The **Navigator** window orients the user by showing that the current project contains a single assembly file *hello.asm*, with two procedures, *main* and *hello*. Dotted lines in this **Navigator** show which procedures are in which file, while solid arrows show a simple calling hierarchy to provide a view of program structure. The user is free to move these boxes anywhere within the Navigator window; the arrows and dotted lines are moved with them automatically. If a line crosses a box, the line is drawn on top of the box, to aid visibility. Buttons along the right edge allow the user to zoom in and out, and change the colour assignment for each subroutine at their own discretion. For example, the user may choose to colour procedures for the user interface in green and information processing procedures in blue, or may choose a colour based on the level of testing performed. By clicking on a particular assembly file in the Navigator window, the user is presented with a list of options for that particular file, as shown in the figure, such as the memory model or procedure calling convention: although these options have defaults in all cases, it may become necessary for a user to change one of these values (for example, to include an additional library).
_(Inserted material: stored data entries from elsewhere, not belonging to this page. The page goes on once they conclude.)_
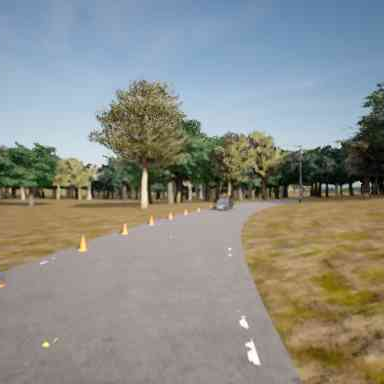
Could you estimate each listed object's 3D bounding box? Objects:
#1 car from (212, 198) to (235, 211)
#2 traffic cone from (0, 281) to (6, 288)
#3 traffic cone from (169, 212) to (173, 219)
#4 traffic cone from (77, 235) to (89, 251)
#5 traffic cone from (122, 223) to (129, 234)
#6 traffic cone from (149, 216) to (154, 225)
[{"bbox_3d":[3.896,1.502,40.203,1.812,1.442,4.674,0,1,18],"label":"car"},{"bbox_3d":[-4.686,1.967,7.917,0.340,0.580,0.340,0,0,4],"label":"traffic cone"},{"bbox_3d":[-1.808,1.974,28.102,0.340,0.580,0.340,0,0,12],"label":"traffic cone"},{"bbox_3d":[-4.254,1.981,13.002,0.340,0.580,0.340,0,0,6],"label":"traffic cone"},{"bbox_3d":[-3.630,1.986,18.065,0.340,0.580,0.340,0,0,8],"label":"traffic cone"},{"bbox_3d":[-2.813,1.984,23.101,0.340,0.580,0.340,0,0,10],"label":"traffic cone"}]
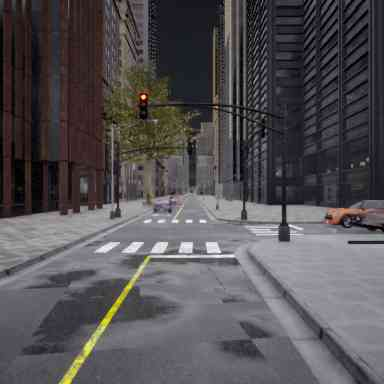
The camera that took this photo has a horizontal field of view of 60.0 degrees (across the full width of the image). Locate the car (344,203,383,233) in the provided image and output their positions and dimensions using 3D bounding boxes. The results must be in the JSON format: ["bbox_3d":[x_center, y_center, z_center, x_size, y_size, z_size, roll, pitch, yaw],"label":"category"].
[{"bbox_3d":[11.538,1.491,18.082,5.357,1.411,2.033,0,0,0],"label":"car"}]

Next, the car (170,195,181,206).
[{"bbox_3d":[-3.041,1.390,56.086,2.097,1.767,4.553,0,0,0],"label":"car"}]

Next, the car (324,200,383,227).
[{"bbox_3d":[10.860,1.311,21.182,4.553,1.767,2.097,0,0,0],"label":"car"}]

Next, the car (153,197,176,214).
[{"bbox_3d":[-3.072,1.533,35.799,1.812,1.442,4.674,0,0,0],"label":"car"}]
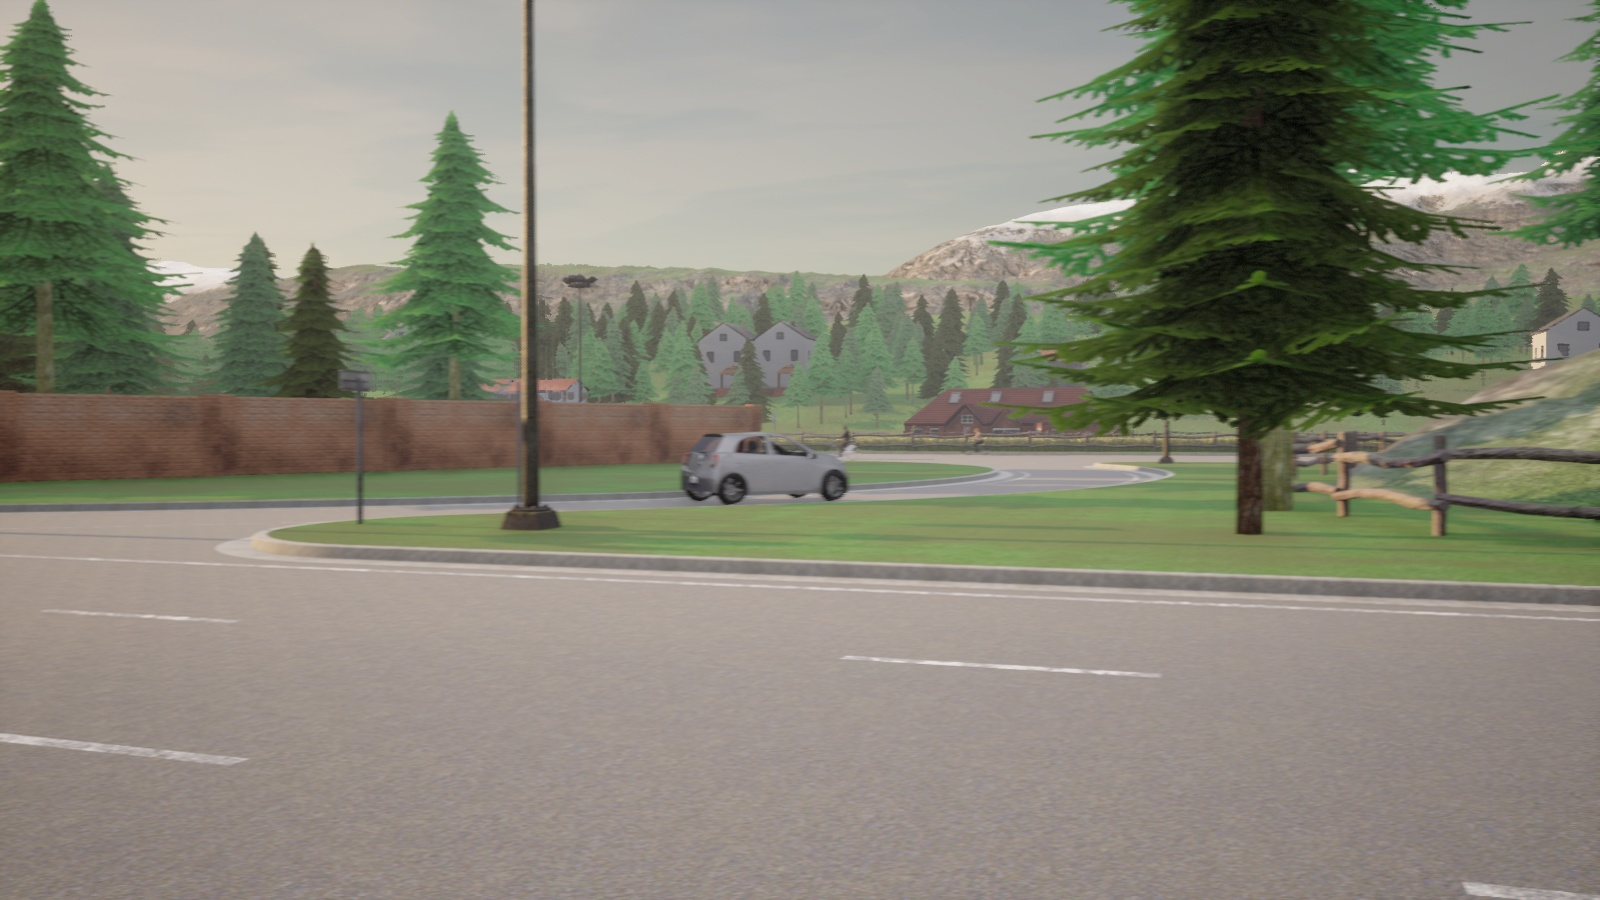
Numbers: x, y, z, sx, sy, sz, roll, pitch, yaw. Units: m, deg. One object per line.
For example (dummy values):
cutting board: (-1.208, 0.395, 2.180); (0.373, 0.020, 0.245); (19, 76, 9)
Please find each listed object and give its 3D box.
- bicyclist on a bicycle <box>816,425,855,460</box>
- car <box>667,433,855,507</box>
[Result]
bicyclist on a bicycle: (1.839, -0.372, 64.990); (1.843, 1.776, 0.659); (1, 1, 19)
car: (-0.835, 0.385, 27.174); (3.633, 1.501, 1.845); (0, 1, -32)
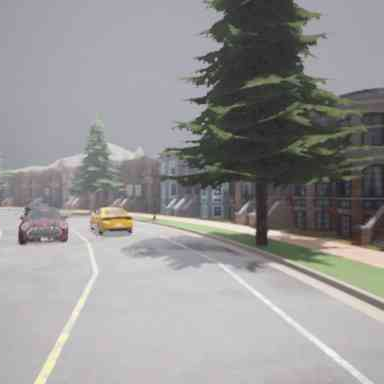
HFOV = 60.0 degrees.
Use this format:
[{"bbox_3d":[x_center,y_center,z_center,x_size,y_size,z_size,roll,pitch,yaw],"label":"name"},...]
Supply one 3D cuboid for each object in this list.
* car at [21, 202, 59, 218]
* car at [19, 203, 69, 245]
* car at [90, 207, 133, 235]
[{"bbox_3d":[-16.612,1.909,36.166,4.902,1.511,2.128,-1,-1,45],"label":"car"},{"bbox_3d":[-7.465,1.546,16.860,2.097,1.767,4.553,0,-1,-24],"label":"car"},{"bbox_3d":[-5.075,1.695,20.601,1.882,1.535,5.008,0,-1,-25],"label":"car"}]
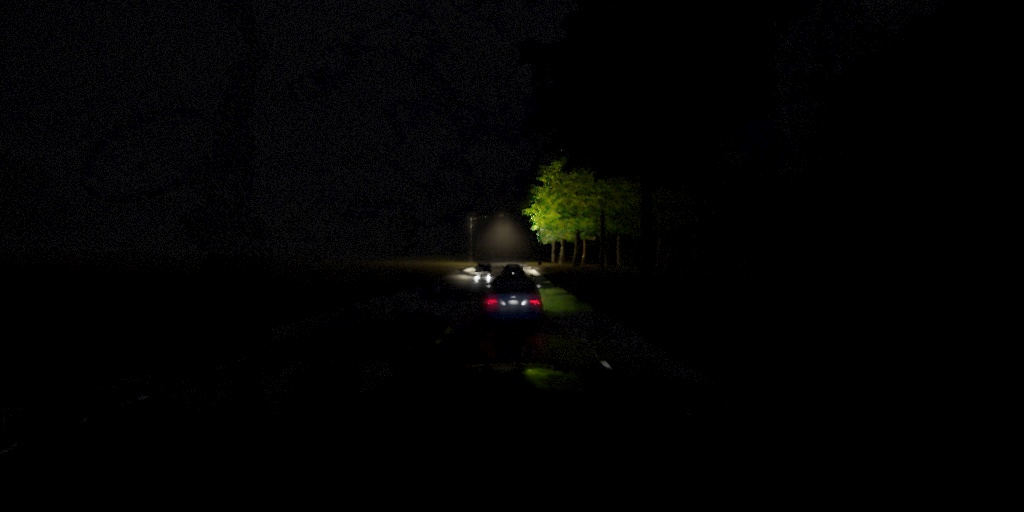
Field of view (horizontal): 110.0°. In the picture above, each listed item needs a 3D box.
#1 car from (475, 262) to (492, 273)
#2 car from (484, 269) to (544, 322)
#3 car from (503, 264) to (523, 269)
[{"bbox_3d":[-3.599,1.431,45.811,1.895,1.301,4.718,0,0,0],"label":"car"},{"bbox_3d":[0.067,1.360,12.569,2.033,1.411,5.357,0,0,0],"label":"car"},{"bbox_3d":[0.083,1.424,32.797,1.994,1.385,4.181,0,0,0],"label":"car"}]
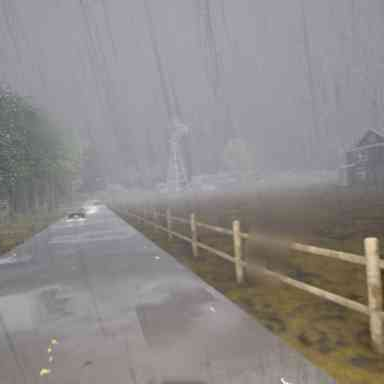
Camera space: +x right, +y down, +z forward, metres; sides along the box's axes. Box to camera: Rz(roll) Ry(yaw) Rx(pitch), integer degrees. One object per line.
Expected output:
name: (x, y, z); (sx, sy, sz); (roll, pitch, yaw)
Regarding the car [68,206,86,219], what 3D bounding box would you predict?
car: (-14.068, 2.446, 40.800); (2.033, 1.411, 5.357); (-4, 0, -16)
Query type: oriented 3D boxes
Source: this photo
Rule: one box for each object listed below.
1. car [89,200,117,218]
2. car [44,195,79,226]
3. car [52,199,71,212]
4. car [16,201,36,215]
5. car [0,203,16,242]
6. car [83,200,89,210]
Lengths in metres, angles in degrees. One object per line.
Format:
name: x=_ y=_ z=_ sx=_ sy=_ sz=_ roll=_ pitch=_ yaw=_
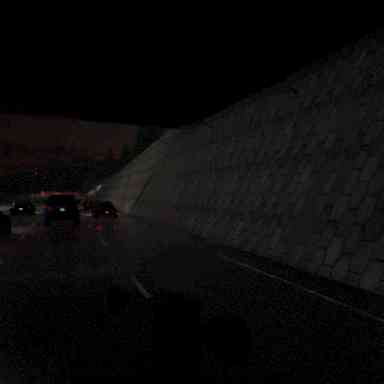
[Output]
car: x=-7.940 y=1.514 z=29.896 sx=1.812 sy=1.442 sz=4.674 roll=0 pitch=0 yaw=-21
car: x=-9.364 y=1.214 z=23.962 sx=2.150 sy=2.045 sz=5.566 roll=0 pitch=0 yaw=-21
car: x=-15.304 y=1.583 z=39.001 sx=1.895 sy=1.301 sz=4.718 roll=0 pitch=0 yaw=-22
car: x=-16.576 y=1.547 z=32.698 sx=1.994 sy=1.385 sz=4.181 roll=0 pitch=0 yaw=-22
car: x=-9.912 y=1.469 z=15.831 sx=1.882 sy=1.535 sz=5.008 roll=0 pitch=0 yaw=-22
car: x=-12.448 y=1.584 z=41.301 sx=1.895 sy=1.301 sz=4.718 roll=0 pitch=0 yaw=-22
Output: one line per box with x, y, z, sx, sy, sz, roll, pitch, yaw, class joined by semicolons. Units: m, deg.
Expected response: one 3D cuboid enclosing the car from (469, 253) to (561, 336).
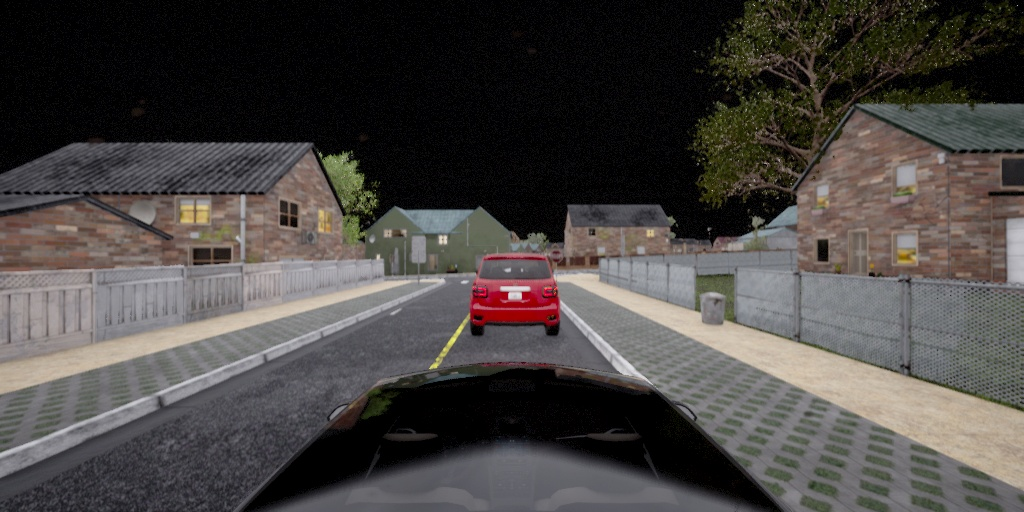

A hierarchical list of pre-defined tiles for this architecture is shown in Available Tiles window, providing a convenient organization for quickly locating any given instruction so that the user can drag-and-drop a tile to the Tiles window to create a new instruction. Within each grouping the mnemonics are presented in alphabetical order, and a search bar is provided to find a specific, known mnemonic quickly. This hierarchical approach is particularly needed for CISC processors, which may have an enormous list of available instructions: for example, the software reference manual listing instructions for the Intel processor family (as of this writing) comprises two volumes and totals over 1200 pages [10]. For this architecture, the memory instructions such as Load, Store and Move are presented first, followed by instructions for Integer and Floating Point operations and so on. Following these processorspecific instruction tiles, conditional and iterative tile structures are shown. Next we see high-level macrostiles with a group of pre-defined processor instructions to automate repetitive tasks-defined in either global scope (available to all projects) or local scope (available to this project only). Finally, we see the operating system-specific tiles for API invocation.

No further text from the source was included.